Low Testosterone and Blood Disorders
An episode of the The BioBalance Healthcast podcast, hosted by Romondo Davis, titled "Low Testosterone and Blood Disorders" was published on July 9, 2014 and runs 22 minutes.
July 9, 2014 ·22m · The BioBalance Healthcast
Episode Description
One of the exciting things that happens in my office is when a patient comes in animated with joy because of the success of our treatments. This recently happened in an unusual way when a man came into my waiting room and announced to me in a very loud voice: “You literally saved my life and I want to thank you for it!” At the time, I thought that he was just happy with the results of the testosterone we had replaced for him. Perhaps his sex life had been returned or he and his wife were no longer fighting. Typically, men quickly feel better when they return to a normal (adequate) level of testosterone, so this statement is not unusual. I told him it was my pleasure to help him. But he insisted on telling me and all of the other patients in the waiting room his story.
When he first came to me for evaluation, I gave him his first dose of testosterone but told him that he could not continue until he saw his primary care doctor to work up some unusual findings in his blood tests. I knew his particular problem could be anything from minor to life-threatening. His regular doctor saw nothing wrong, and sent him back to me. I still refused to provide him with testosterone replacement because long-term testosterone could worsen some of the possible diagnoses that he might have had. I had made him concerned enough that he went to a specialist in hematology.

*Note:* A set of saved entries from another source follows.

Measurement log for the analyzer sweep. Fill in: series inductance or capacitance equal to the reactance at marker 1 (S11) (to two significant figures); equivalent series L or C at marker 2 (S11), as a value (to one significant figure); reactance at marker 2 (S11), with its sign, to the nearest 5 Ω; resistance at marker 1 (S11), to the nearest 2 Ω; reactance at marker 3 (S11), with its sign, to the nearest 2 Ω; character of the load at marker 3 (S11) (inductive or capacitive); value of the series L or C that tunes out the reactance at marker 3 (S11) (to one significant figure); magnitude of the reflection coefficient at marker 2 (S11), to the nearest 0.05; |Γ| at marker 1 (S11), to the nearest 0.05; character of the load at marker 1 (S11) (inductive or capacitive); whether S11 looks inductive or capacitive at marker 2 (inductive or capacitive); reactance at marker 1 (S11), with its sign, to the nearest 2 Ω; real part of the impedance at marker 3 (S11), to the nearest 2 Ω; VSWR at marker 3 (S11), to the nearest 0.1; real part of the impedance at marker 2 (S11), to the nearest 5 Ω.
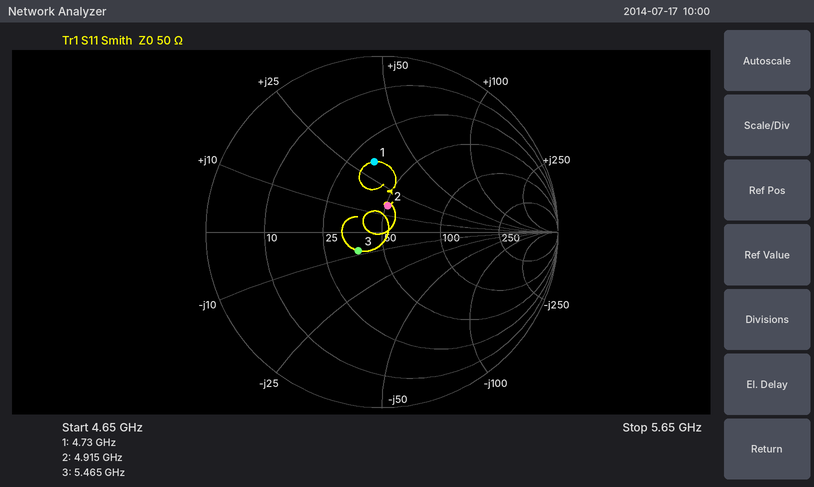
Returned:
1.1 nH
500 pH
+15 Ω
34 Ω
-8 Ω
capacitive
200 pH
0.15
0.40
inductive
inductive
+32 Ω
38 Ω
1.4
50 Ω
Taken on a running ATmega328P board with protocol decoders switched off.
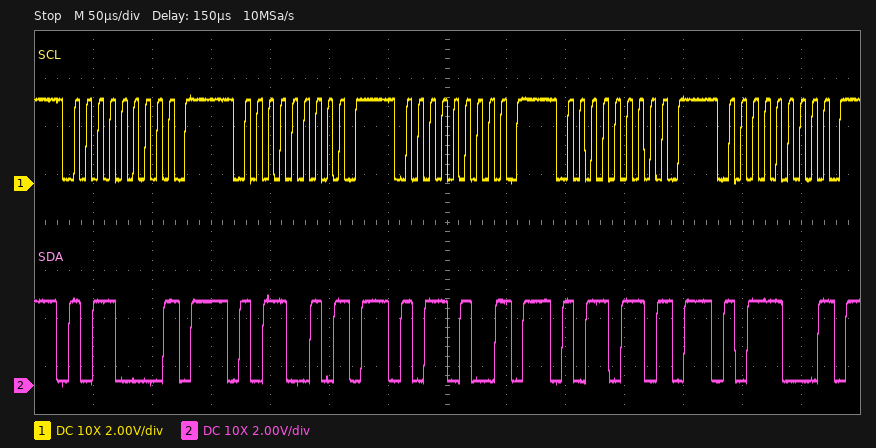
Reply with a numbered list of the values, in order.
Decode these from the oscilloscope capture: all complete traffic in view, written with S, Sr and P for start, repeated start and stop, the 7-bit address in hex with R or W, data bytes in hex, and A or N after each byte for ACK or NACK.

1. S 58W N P S 59W N P S 5AW N P S 5BW N P S 5CW N P
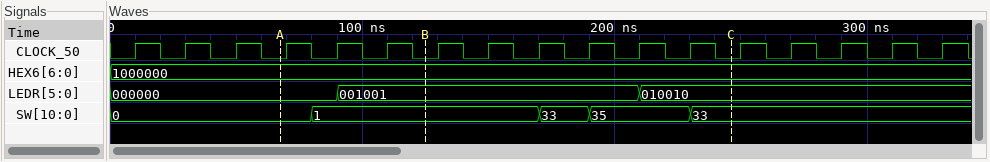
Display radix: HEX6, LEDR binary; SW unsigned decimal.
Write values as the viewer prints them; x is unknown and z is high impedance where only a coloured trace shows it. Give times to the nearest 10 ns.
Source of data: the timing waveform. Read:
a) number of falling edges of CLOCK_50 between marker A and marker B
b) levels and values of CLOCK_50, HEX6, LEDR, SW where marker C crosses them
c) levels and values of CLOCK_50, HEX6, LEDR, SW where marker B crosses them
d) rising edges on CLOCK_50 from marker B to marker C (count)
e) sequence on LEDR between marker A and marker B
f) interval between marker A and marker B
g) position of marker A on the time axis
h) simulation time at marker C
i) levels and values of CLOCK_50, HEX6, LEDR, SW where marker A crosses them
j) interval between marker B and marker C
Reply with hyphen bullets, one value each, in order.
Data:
- 3
- CLOCK_50=0, HEX6=1000000, LEDR=010010, SW=33
- CLOCK_50=0, HEX6=1000000, LEDR=001001, SW=1
- 6
- 000000, 001001
- 60 ns
- 70 ns
- 250 ns
- CLOCK_50=0, HEX6=1000000, LEDR=000000, SW=0
- 120 ns
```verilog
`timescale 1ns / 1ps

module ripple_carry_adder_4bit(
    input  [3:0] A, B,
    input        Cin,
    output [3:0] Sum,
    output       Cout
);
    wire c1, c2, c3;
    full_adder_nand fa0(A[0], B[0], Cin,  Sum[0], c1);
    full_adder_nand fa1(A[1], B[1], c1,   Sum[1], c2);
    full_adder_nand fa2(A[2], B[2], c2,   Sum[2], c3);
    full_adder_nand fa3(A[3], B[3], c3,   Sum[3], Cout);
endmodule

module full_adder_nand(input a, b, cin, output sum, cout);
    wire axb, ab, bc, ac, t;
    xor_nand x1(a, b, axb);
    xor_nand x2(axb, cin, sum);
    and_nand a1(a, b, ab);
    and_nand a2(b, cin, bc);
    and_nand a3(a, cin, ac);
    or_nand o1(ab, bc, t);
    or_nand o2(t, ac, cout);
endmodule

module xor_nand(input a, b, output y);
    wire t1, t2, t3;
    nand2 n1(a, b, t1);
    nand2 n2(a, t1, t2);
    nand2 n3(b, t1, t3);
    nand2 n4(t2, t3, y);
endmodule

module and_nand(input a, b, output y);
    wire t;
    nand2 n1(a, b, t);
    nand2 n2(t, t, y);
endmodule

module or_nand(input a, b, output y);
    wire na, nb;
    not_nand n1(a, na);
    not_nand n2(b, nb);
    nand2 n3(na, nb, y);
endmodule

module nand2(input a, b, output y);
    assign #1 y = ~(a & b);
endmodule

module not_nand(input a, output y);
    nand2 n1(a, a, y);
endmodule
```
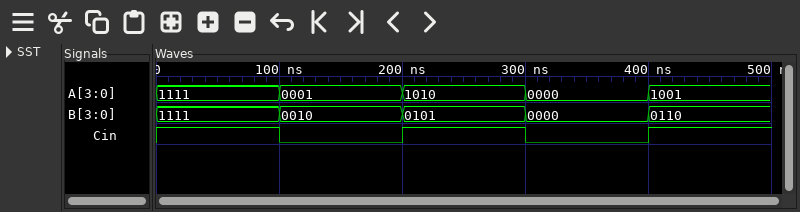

This specialist, a hematologist/oncologist, found that he had a genetic mutation that made his red blood count very high and never turn off. As a result, his blood was too thick and he needed to periodically donate and destroy a unit of blood to bring him from accumulating too much. This is called a Jak2 mutation and it is rare, but not unusual. The specialist was concerned that his regular doctor had missed it. Once he was treated for it, he sent the man back to me with the message: “Most men your age with this problem have already had strokes or heart attacks. This is potentially fatal and it is good that we caught it.” My patient had gotten a second lease on life, and the initial testosterone had made him feel young and healthy again.